DATASET CONTENT —
=== Section Start ===

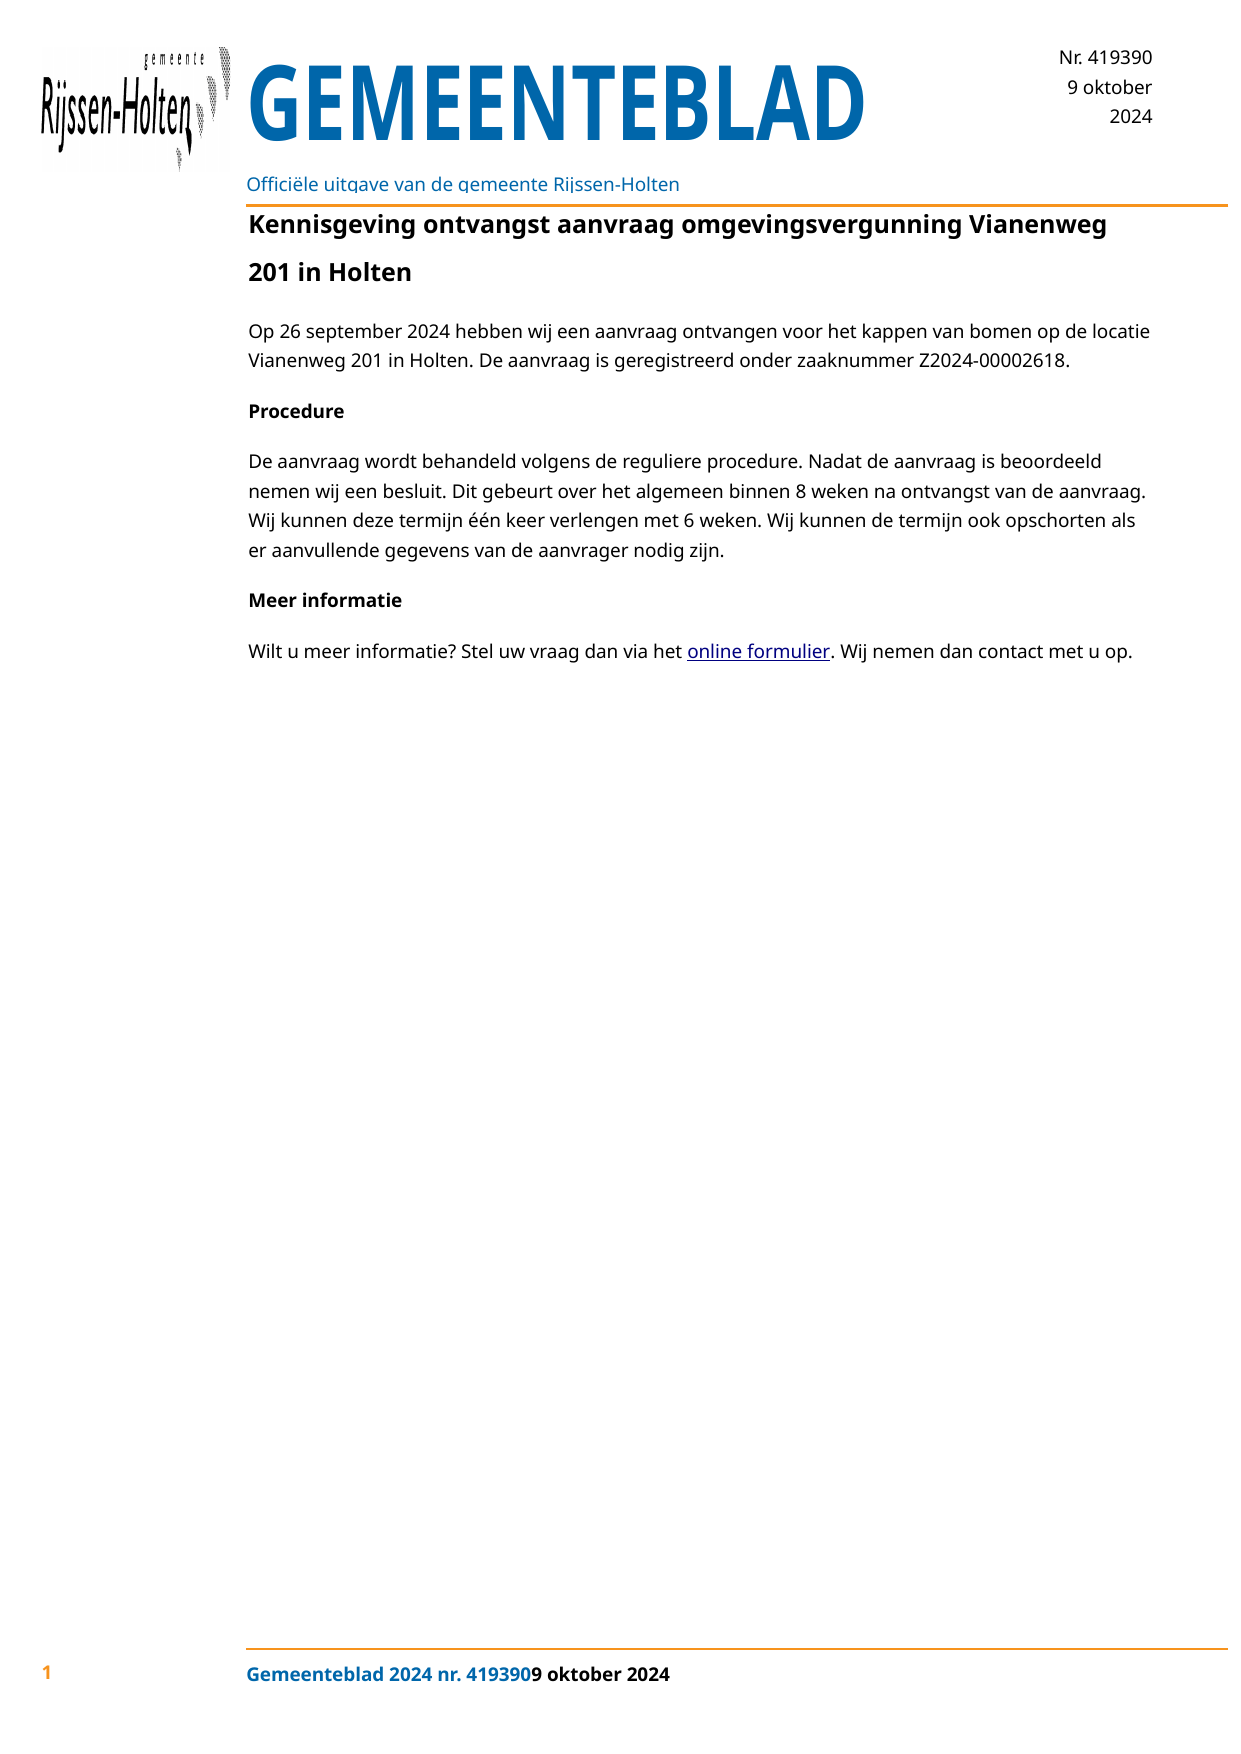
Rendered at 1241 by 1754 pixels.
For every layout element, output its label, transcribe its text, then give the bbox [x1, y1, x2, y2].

text Procedure [248, 398, 1152, 424]
picture [41, 47, 231, 172]
text De aanvraag wordt behandeld volgens de reguliere procedure. Nadat de aanvraag is beoordeeld nemen wij een besluit. Dit gebeurt over het algemeen binnen 8 weken na ontvangst van de aanvraag. Wij kunnen deze termijn één keer verlengen met 6 weken. Wij kunnen de termijn ook opschorten als er aanvullende gegevens van de aanvrager nodig zijn. [248, 448, 1152, 563]
text Kennisgeving ontvangst aanvraag omgevingsvergunning Vianenweg 201 in Holten [248, 207, 1152, 288]
text Op 26 september 2024 hebben wij een aanvraag ontvangen voor het kappen van bomen op de locatie Vianenweg 201 in Holten. De aanvraag is geregistreerd onder zaaknummer Z2024-00002618. [248, 318, 1152, 373]
text Wilt u meer informatie? Stel uw vraag dan via het online formulier. Wij nemen dan contact met u op. [248, 638, 1152, 664]
text Meer informatie [248, 587, 1152, 613]

=== Section End ===

EXERCISE OBJECTIVE —
In your copy of the records, include no pictures; repeat everything else exactly.

RESPONSE AREA —
Rendered at 1241 by 1754 pixels.
For every layout element, output its label, transcribe its text, then give the bbox [x1, y1, x2, y2].

text Procedure [248, 398, 1152, 424]
picture [41, 47, 231, 172]
text De aanvraag wordt behandeld volgens de reguliere procedure. Nadat de aanvraag is beoordeeld nemen wij een besluit. Dit gebeurt over het algemeen binnen 8 weken na ontvangst van de aanvraag. Wij kunnen deze termijn één keer verlengen met 6 weken. Wij kunnen de termijn ook opschorten als er aanvullende gegevens van de aanvrager nodig zijn. [248, 448, 1152, 563]
text Kennisgeving ontvangst aanvraag omgevingsvergunning Vianenweg 201 in Holten [248, 207, 1152, 288]
text Op 26 september 2024 hebben wij een aanvraag ontvangen voor het kappen van bomen op de locatie Vianenweg 201 in Holten. De aanvraag is geregistreerd onder zaaknummer Z2024-00002618. [248, 318, 1152, 373]
text Wilt u meer informatie? Stel uw vraag dan via het online formulier. Wij nemen dan contact met u op. [248, 638, 1152, 664]
text Meer informatie [248, 587, 1152, 613]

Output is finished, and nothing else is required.